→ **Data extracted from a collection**

----

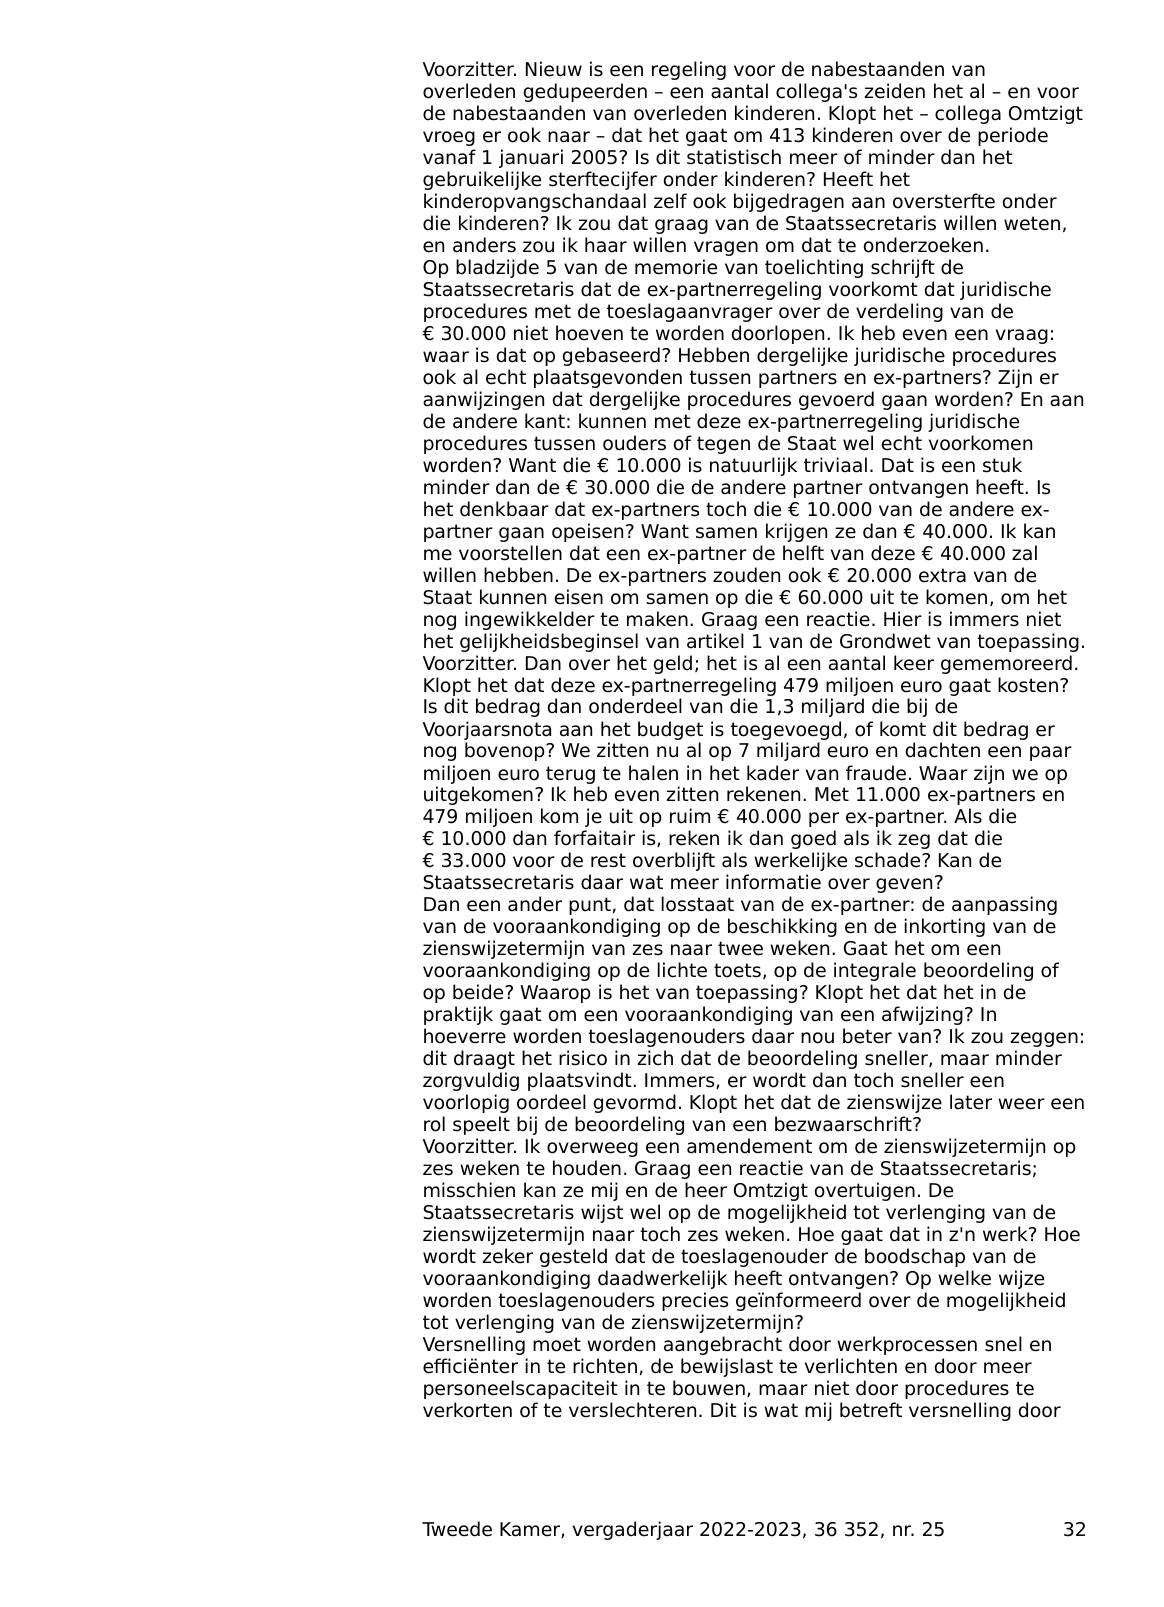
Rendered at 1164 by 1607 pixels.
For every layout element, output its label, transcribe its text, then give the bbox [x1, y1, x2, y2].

text Dan een ander punt, dat losstaat van de ex-partner: de aanpassing van de vooraankondiging op de beschikking en de inkorting van de zienswijzetermijn van zes naar twee weken. Gaat het om een vooraankondiging op de lichte toets, op de integrale beoordeling of op beide? Waarop is het van toepassing? Klopt het dat het in de praktijk gaat om een vooraankondiging van een afwijzing? In hoeverre worden toeslagenouders daar nou beter van? Ik zou zeggen: dit draagt het risico in zich dat de beoordeling sneller, maar minder zorgvuldig plaatsvindt. Immers, er wordt dan toch sneller een voorlopig oordeel gevormd. Klopt het dat de zienswijze later weer een rol speelt bij de beoordeling van een bezwaarschrift? [422, 894, 1087, 1136]
text Voorzitter. Nieuw is een regeling voor de nabestaanden van overleden gedupeerden – een aantal collega's zeiden het al – en voor de nabestaanden van overleden kinderen. Klopt het – collega Omtzigt vroeg er ook naar – dat het gaat om 413 kinderen over de periode vanaf 1 januari 2005? Is dit statistisch meer of minder dan het gebruikelijke sterftecijfer onder kinderen? Heeft het kinderopvangschandaal zelf ook bijgedragen aan oversterfte onder die kinderen? Ik zou dat graag van de Staatssecretaris willen weten, en anders zou ik haar willen vragen om dat te onderzoeken. [422, 59, 1087, 257]
text Op bladzijde 5 van de memorie van toelichting schrijft de Staatssecretaris dat de ex-partnerregeling voorkomt dat juridische procedures met de toeslagaanvrager over de verdeling van de € 30.000 niet hoeven te worden doorlopen. Ik heb even een vraag: waar is dat op gebaseerd? Hebben dergelijke juridische procedures ook al echt plaatsgevonden tussen partners en ex-partners? Zijn er aanwijzingen dat dergelijke procedures gevoerd gaan worden? En aan de andere kant: kunnen met deze ex-partnerregeling juridische procedures tussen ouders of tegen de Staat wel echt voorkomen worden? Want die € 10.000 is natuurlijk triviaal. Dat is een stuk minder dan de € 30.000 die de andere partner ontvangen heeft. Is het denkbaar dat ex-partners toch die € 10.000 van de andere ex-partner gaan opeisen? Want samen krijgen ze dan € 40.000. Ik kan me voorstellen dat een ex-partner de helft van deze € 40.000 zal willen hebben. De ex-partners zouden ook € 20.000 extra van de Staat kunnen eisen om samen op die € 60.000 uit te komen, om het nog ingewikkelder te maken. Graag een reactie. Hier is immers niet het gelijkheidsbeginsel van artikel 1 van de Grondwet van toepassing. [422, 257, 1087, 652]
text Versnelling moet worden aangebracht door werkprocessen snel en efficiënter in te richten, de bewijslast te verlichten en door meer personeelscapaciteit in te bouwen, maar niet door procedures te verkorten of te verslechteren. Dit is wat mij betreft versnelling door [422, 1334, 1087, 1422]
text Voorzitter. Ik overweeg een amendement om de zienswijzetermijn op zes weken te houden. Graag een reactie van de Staatssecretaris; misschien kan ze mij en de heer Omtzigt overtuigen. De Staatssecretaris wijst wel op de mogelijkheid tot verlenging van de zienswijzetermijn naar toch zes weken. Hoe gaat dat in z'n werk? Hoe wordt zeker gesteld dat de toeslagenouder de boodschap van de vooraankondiging daadwerkelijk heeft ontvangen? Op welke wijze worden toeslagenouders precies geïnformeerd over de mogelijkheid tot verlenging van de zienswijzetermijn? [422, 1136, 1087, 1334]
text Voorzitter. Dan over het geld; het is al een aantal keer gememoreerd. Klopt het dat deze ex-partnerregeling 479 miljoen euro gaat kosten? Is dit bedrag dan onderdeel van die 1,3 miljard die bij de Voorjaarsnota aan het budget is toegevoegd, of komt dit bedrag er nog bovenop? We zitten nu al op 7 miljard euro en dachten een paar miljoen euro terug te halen in het kader van fraude. Waar zijn we op uitgekomen? Ik heb even zitten rekenen. Met 11.000 ex-partners en 479 miljoen kom je uit op ruim € 40.000 per ex-partner. Als die € 10.000 dan forfaitair is, reken ik dan goed als ik zeg dat die € 33.000 voor de rest overblijft als werkelijke schade? Kan de Staatssecretaris daar wat meer informatie over geven? [422, 652, 1087, 894]

----

→ **What the exercise asks**
Without the pictures, give back the entries exactly.

→ **Result for this exercise**
Rendered at 1164 by 1607 pixels.
For every layout element, output its label, transcribe its text, then give the bbox [x1, y1, x2, y2].

text Dan een ander punt, dat losstaat van de ex-partner: de aanpassing van de vooraankondiging op de beschikking en de inkorting van de zienswijzetermijn van zes naar twee weken. Gaat het om een vooraankondiging op de lichte toets, op de integrale beoordeling of op beide? Waarop is het van toepassing? Klopt het dat het in de praktijk gaat om een vooraankondiging van een afwijzing? In hoeverre worden toeslagenouders daar nou beter van? Ik zou zeggen: dit draagt het risico in zich dat de beoordeling sneller, maar minder zorgvuldig plaatsvindt. Immers, er wordt dan toch sneller een voorlopig oordeel gevormd. Klopt het dat de zienswijze later weer een rol speelt bij de beoordeling van een bezwaarschrift? [422, 894, 1087, 1136]
text Voorzitter. Nieuw is een regeling voor de nabestaanden van overleden gedupeerden – een aantal collega's zeiden het al – en voor de nabestaanden van overleden kinderen. Klopt het – collega Omtzigt vroeg er ook naar – dat het gaat om 413 kinderen over de periode vanaf 1 januari 2005? Is dit statistisch meer of minder dan het gebruikelijke sterftecijfer onder kinderen? Heeft het kinderopvangschandaal zelf ook bijgedragen aan oversterfte onder die kinderen? Ik zou dat graag van de Staatssecretaris willen weten, en anders zou ik haar willen vragen om dat te onderzoeken. [422, 59, 1087, 257]
text Op bladzijde 5 van de memorie van toelichting schrijft de Staatssecretaris dat de ex-partnerregeling voorkomt dat juridische procedures met de toeslagaanvrager over de verdeling van de € 30.000 niet hoeven te worden doorlopen. Ik heb even een vraag: waar is dat op gebaseerd? Hebben dergelijke juridische procedures ook al echt plaatsgevonden tussen partners en ex-partners? Zijn er aanwijzingen dat dergelijke procedures gevoerd gaan worden? En aan de andere kant: kunnen met deze ex-partnerregeling juridische procedures tussen ouders of tegen de Staat wel echt voorkomen worden? Want die € 10.000 is natuurlijk triviaal. Dat is een stuk minder dan de € 30.000 die de andere partner ontvangen heeft. Is het denkbaar dat ex-partners toch die € 10.000 van de andere ex-partner gaan opeisen? Want samen krijgen ze dan € 40.000. Ik kan me voorstellen dat een ex-partner de helft van deze € 40.000 zal willen hebben. De ex-partners zouden ook € 20.000 extra van de Staat kunnen eisen om samen op die € 60.000 uit te komen, om het nog ingewikkelder te maken. Graag een reactie. Hier is immers niet het gelijkheidsbeginsel van artikel 1 van de Grondwet van toepassing. [422, 257, 1087, 652]
text Versnelling moet worden aangebracht door werkprocessen snel en efficiënter in te richten, de bewijslast te verlichten en door meer personeelscapaciteit in te bouwen, maar niet door procedures te verkorten of te verslechteren. Dit is wat mij betreft versnelling door [422, 1334, 1087, 1422]
text Voorzitter. Ik overweeg een amendement om de zienswijzetermijn op zes weken te houden. Graag een reactie van de Staatssecretaris; misschien kan ze mij en de heer Omtzigt overtuigen. De Staatssecretaris wijst wel op de mogelijkheid tot verlenging van de zienswijzetermijn naar toch zes weken. Hoe gaat dat in z'n werk? Hoe wordt zeker gesteld dat de toeslagenouder de boodschap van de vooraankondiging daadwerkelijk heeft ontvangen? Op welke wijze worden toeslagenouders precies geïnformeerd over de mogelijkheid tot verlenging van de zienswijzetermijn? [422, 1136, 1087, 1334]
text Voorzitter. Dan over het geld; het is al een aantal keer gememoreerd. Klopt het dat deze ex-partnerregeling 479 miljoen euro gaat kosten? Is dit bedrag dan onderdeel van die 1,3 miljard die bij de Voorjaarsnota aan het budget is toegevoegd, of komt dit bedrag er nog bovenop? We zitten nu al op 7 miljard euro en dachten een paar miljoen euro terug te halen in het kader van fraude. Waar zijn we op uitgekomen? Ik heb even zitten rekenen. Met 11.000 ex-partners en 479 miljoen kom je uit op ruim € 40.000 per ex-partner. Als die € 10.000 dan forfaitair is, reken ik dan goed als ik zeg dat die € 33.000 voor de rest overblijft als werkelijke schade? Kan de Staatssecretaris daar wat meer informatie over geven? [422, 652, 1087, 894]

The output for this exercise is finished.